Es mangelt nicht an klugen Ratschlägen von Produktivitätsgurus über die Hacks und Veränderungen, die wir brauchen, um unsere Leistung zu verbessern. Auf jeden Fall sollten wir die Ratschläge befolgen, wenn sie offensichtliche Vorteile bieten.

Aber manchmal stößt ein System oder ein Verhaltensmuster einfach an die Grenzen seiner Effektivität, und eine weitere Runde von Work-Hack-Gimmicks wird kein zusätzliches Gramm an Produktivität herausquetschen.

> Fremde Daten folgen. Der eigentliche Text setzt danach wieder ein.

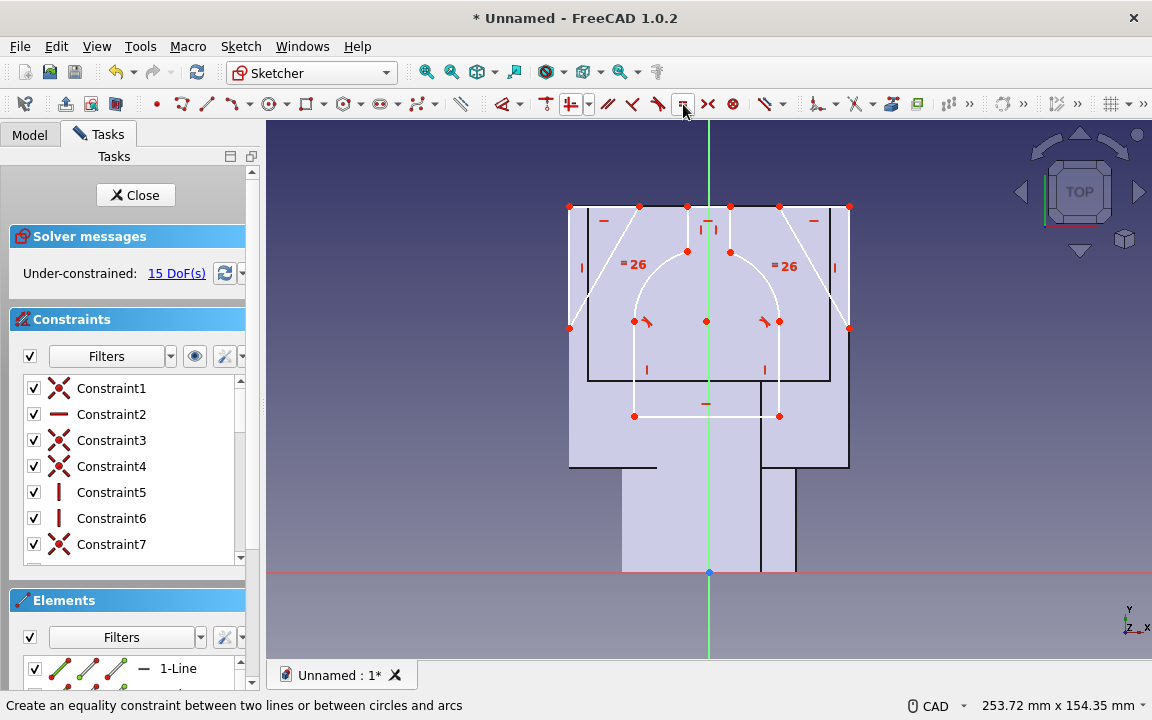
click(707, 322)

Vielleicht ist es an der Zeit, unsere veralteten Werkzeuge der Vorschriften und Regeln abzulegen, eine mentale Flucht aus der lähmenden Orthodoxie des Augenblicks anzutreten und uns durch Quantensprünge im Denken zu befreien.

Gedanken sind greifbare Dinge. Einstein benutzte seine Vorstellungskraft, um das Universum auf seiner fundamentalsten Realitätsebene zu entschlüsseln. Wir alle müssen es ihm gleichtun, indem wir versuchen, dem Sand der Zeit unseren Stempel aufzudrücken, indem wir seinem Beispiel folgen.

Schreibe einen Kommentar

Deine E-Mail-Adresse wird nicht veröffentlicht.